Real estate swing loans can sometimes be complicated arrangements. Due to the fact that the person is in transition, and two different properties are involved.
Multiple parties may be involved, such as real estate agents, property appraisers, and mortgage lenders. Disputes over swing loans may include:
- Issues regarding loan terms and interest rates
- Disputes regarding loan qualification and approval
- Contests regarding the outcome of an appraisal (i.e., regarding the value of the home
- Loan fraud issues
- Borrower default/breach of contract
Swing loans can therefore be associated with a variety of issues. A lawsuit for damages may be necessary if one party loses profits or opportunities due to the dispute.
What If I Have a Legal Dispute over a Bridge Loan?

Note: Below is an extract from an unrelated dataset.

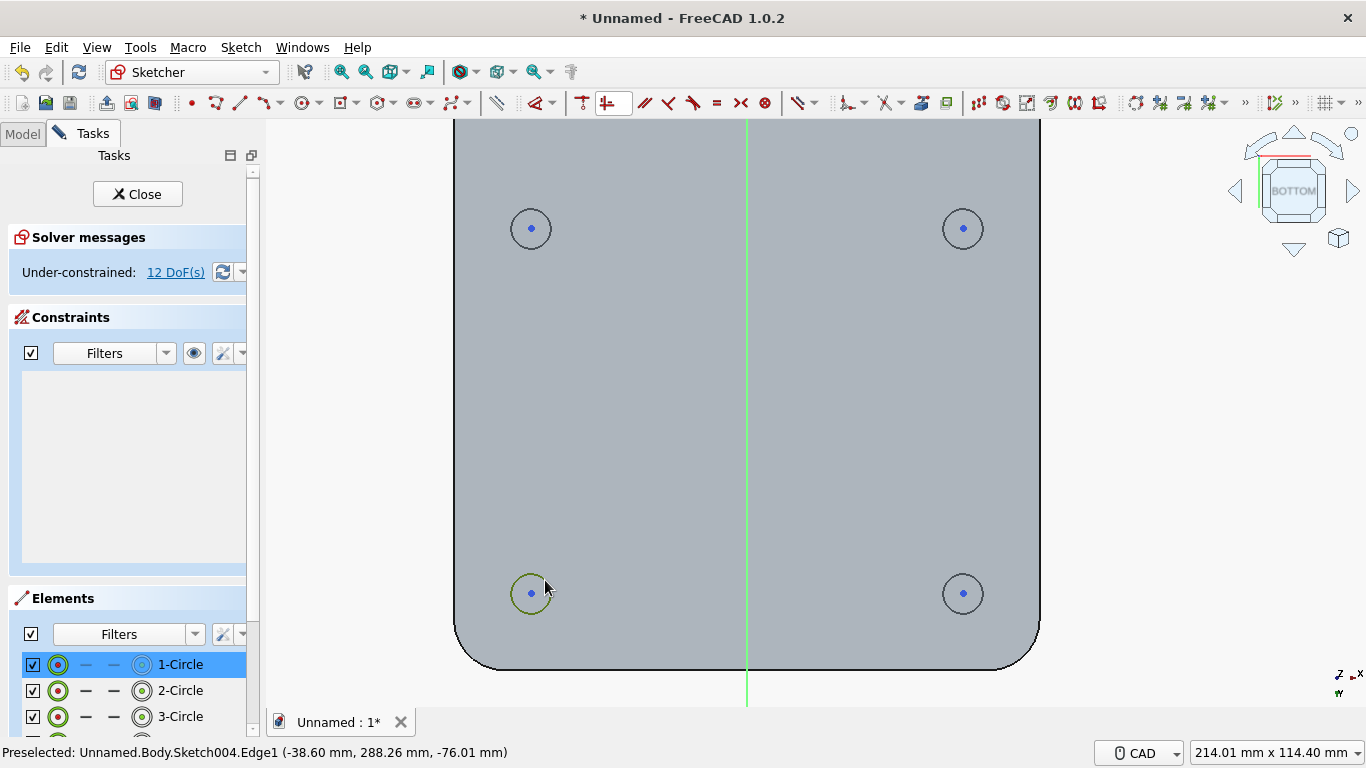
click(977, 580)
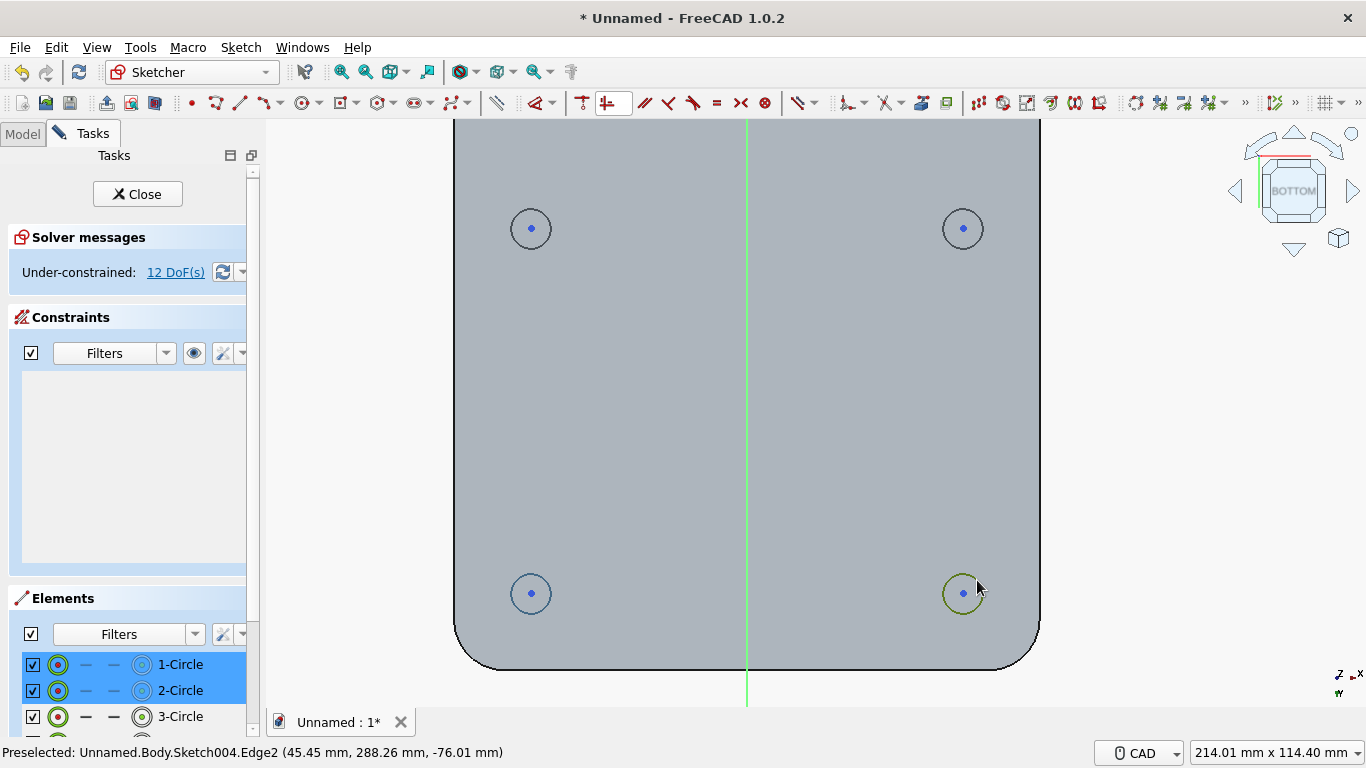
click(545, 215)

Legal action may often be required to resolve loan disputes. Non-payment or defaults are common causes of disputes. Litigation may result in damages awards to compensate the non-violating party for losses. Whenever you are involved in a lawsuit, you should prepare all the loan and financial documents that may be relevant.
Lastly, you should always protect yourself from loan fraud and predatory lending. You should never give your personal information to persons or companies that seem suspicious or disreputable.
Bridge loans can be associated with various legal conflicts, including:
- Cases of lender or borrower fraud;
- Breaches of contract;
- Default/non-payment, and various other legal issues.
In such cases, these disputes can lead to lawsuits for damages, fines for statutory violations (for the lender), and negative effects on credit scores. In such cases, a legal investigation into the matter may be necessary, especially if the dispute is widespread among a larger consumer base.
Should I Hire a Lawyer for Help with Bridge Loans?
A bridge loan can help a person or business accomplish a specific long-term goal. Borrowers should be aware of the risks and drawbacks associated with these loans. You may wish to hire a qualified credit lawyer if you need help applying for, renegotiating, or dealing with a bridge loan. Your attorney can explain your rights under your area’s laws and help you file a lawsuit if you encounter any legal conflicts that need resolving.
A loan application can involve many steps, and the process can be complicated, especially for larger loans. If you need help getting a loan, you might benefit from hiring a credit lawyer. To determine your best options, your attorney can research the laws in your state. In addition, your lawyer can represent you in court if you need to file a lawsuit due to a loan dispute.